Resmi olarak yürürlüğe giren ve beraberinde sansür tartışmalarını beraberinde getiren yeni internet yasasını dün akşam canlı yayında tartıştık.
sosyalmedya.co kurucusu Fatih Güner, teknoloji dünyasını keyifli videolarla anlatan gazeteci Timur Akkurt ve Barış Akpolat, deneyimli gazeteci Serhat Ayan, Korsan Parti Hareketi‘nden avukat Serhat Koç, İstanbul Barosu Bilişim Hukuku Merkezi üyesi Selva Kaynak ve serbest gazeteci Dilara Eldaş yeni internet yasasından telif haklarına, sansürün Türkiye’deki tarihinden kullanıcı algısına geniş kapsamlı bir sohbet gerçekleştirdi.
3000 tekil kişinin izlediği canlı yayın toplamda 400 saatlik toplam izlenmeye ulaştı. Her izleyicinin ortalama 9 dakika izlediği programa izleyiciler Twitter ve YouTube üzerinden soru ve yorumları ile katkıda bulundu. Program boyunca izleyicilerin sosyal ağlar üzerinden gönderdiği mesajların sayısı ise 2000’e ulaştı.
Canlı yayını kaçıranlar için programda konuşulanların ve #SansuruTartisiyoruz başlığı altında masaya yatırdığımız konuların en öne çıkan noktalarını derledik.
Yeni yasa kapsamında saklanacak kullanıcı trafik bilgileri neleri kapsıyor?
İlk olarak Ulaştırma, Haberleşme ve Denizcilik Bakanı Lütfi Elvan’ın saklanacak trafik bilgileri tanımı tartışmaya açıldı. Avukat Serhat Koç, yasa gereğince kayıt altına alınacak ve yer sağlayıcılar tarafından saklanılacak trafik bilgilerinin kapsamının kullanıcıların internet üzerinde tıkladığı her şeyi kapsayacağını söyledi. Bunların arasında sosyal ağlarda yaptığınız yorumlar, beğenileriniz, yazdığınız her şey ve hatta web sitelerinde, forumlarda onaylanmamış yorumları da saymak mümkün. Koç, hakimlerin telefon numarası ile IP numaralarının aynı şey zannettiğini söylerken bu konuda yeterli ve doğru bilgiye sahip olmadıklarını da vurguladı. Selva Kaynak ise saklanacak trafik bilgilerin kapsamı da dahil olmak üzere yasanın muğlaklıklarla dolu olduğunu dile getirdi.
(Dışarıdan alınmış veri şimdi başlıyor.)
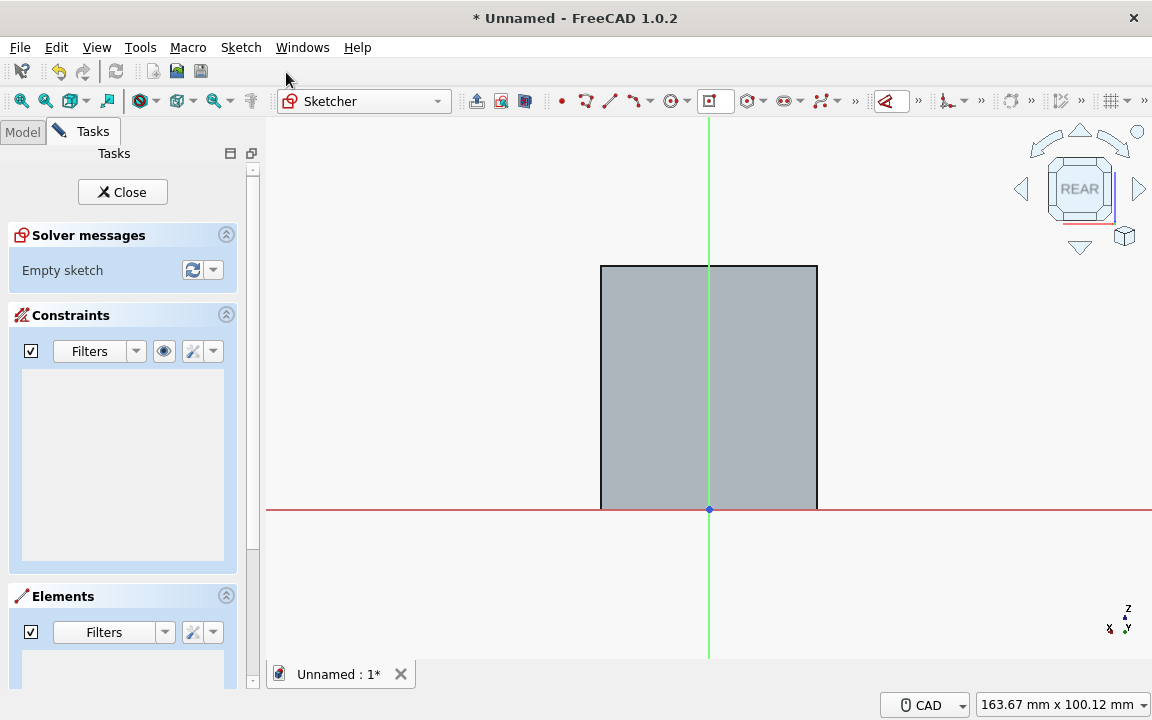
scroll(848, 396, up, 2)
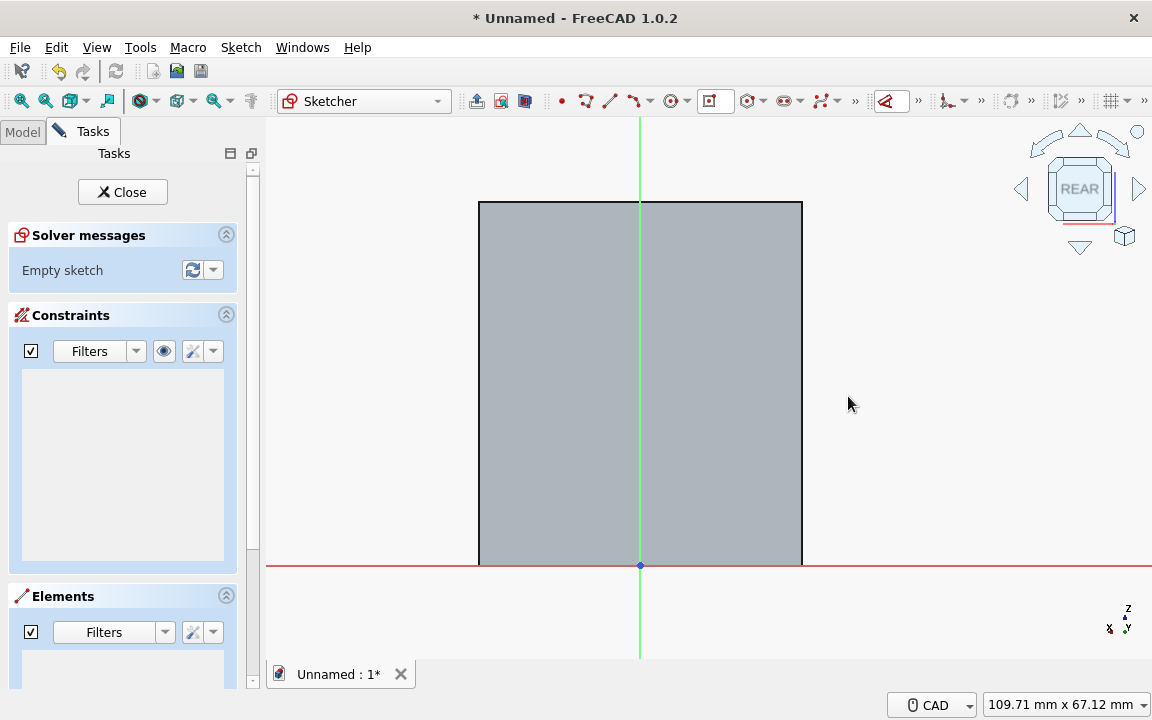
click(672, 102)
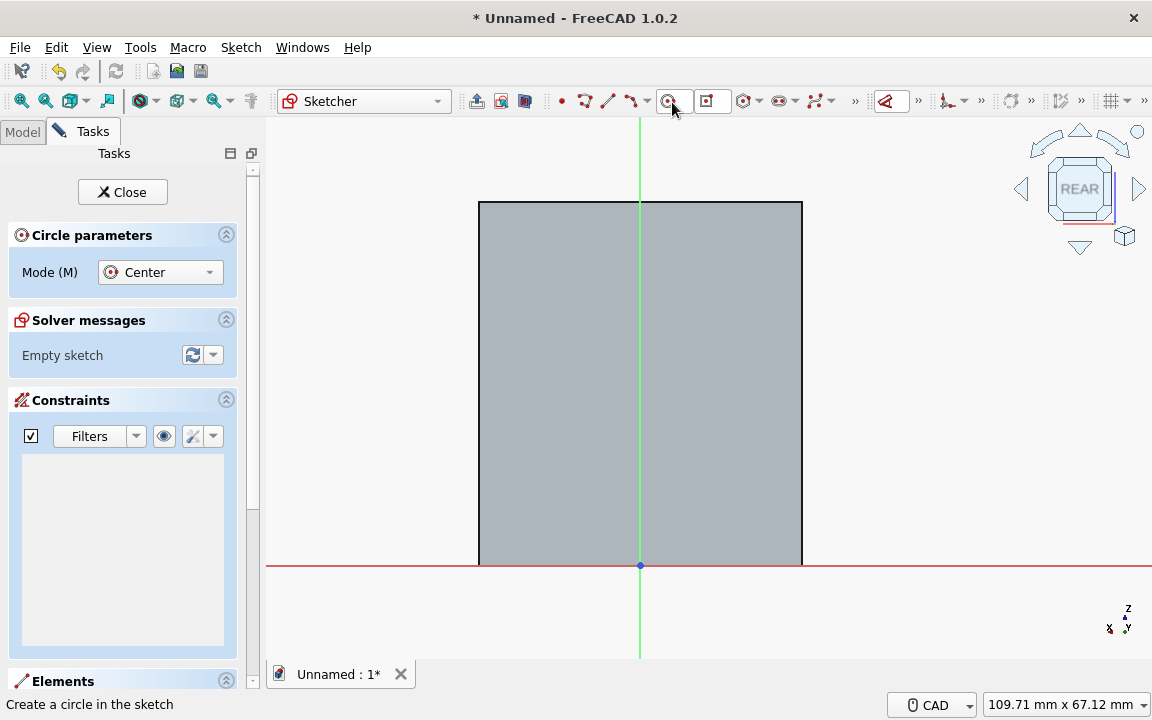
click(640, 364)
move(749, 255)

- Barış Akpolat: “Sık kullananlar diye bir şey artık kalmayacak”
Yeni yasa ile birlikte içeriklerin kaldırılması, sitelerin erişime kolaylıkla engellenmesi sebebiyle sık kullananlara eklenecek site, sayfa kalmayacağını; bir gün izlediğiniz videoya ertesi gün erişemeyeceğinizi söyleyen Akpolat, trafik bilgilerinin iki sene gibi uzun bir süre saklanmasının da sakıncalarından bahsetti. İki sene önce yazdığınız tweet’in bugün sizi bağlamayacağını ve değişen gündem ve şartlar çerçevesinde kişilerin zaman aşımına uğramış içerikleri sebebiyle suçlanmasının yanlış olduğunu dile getirdi.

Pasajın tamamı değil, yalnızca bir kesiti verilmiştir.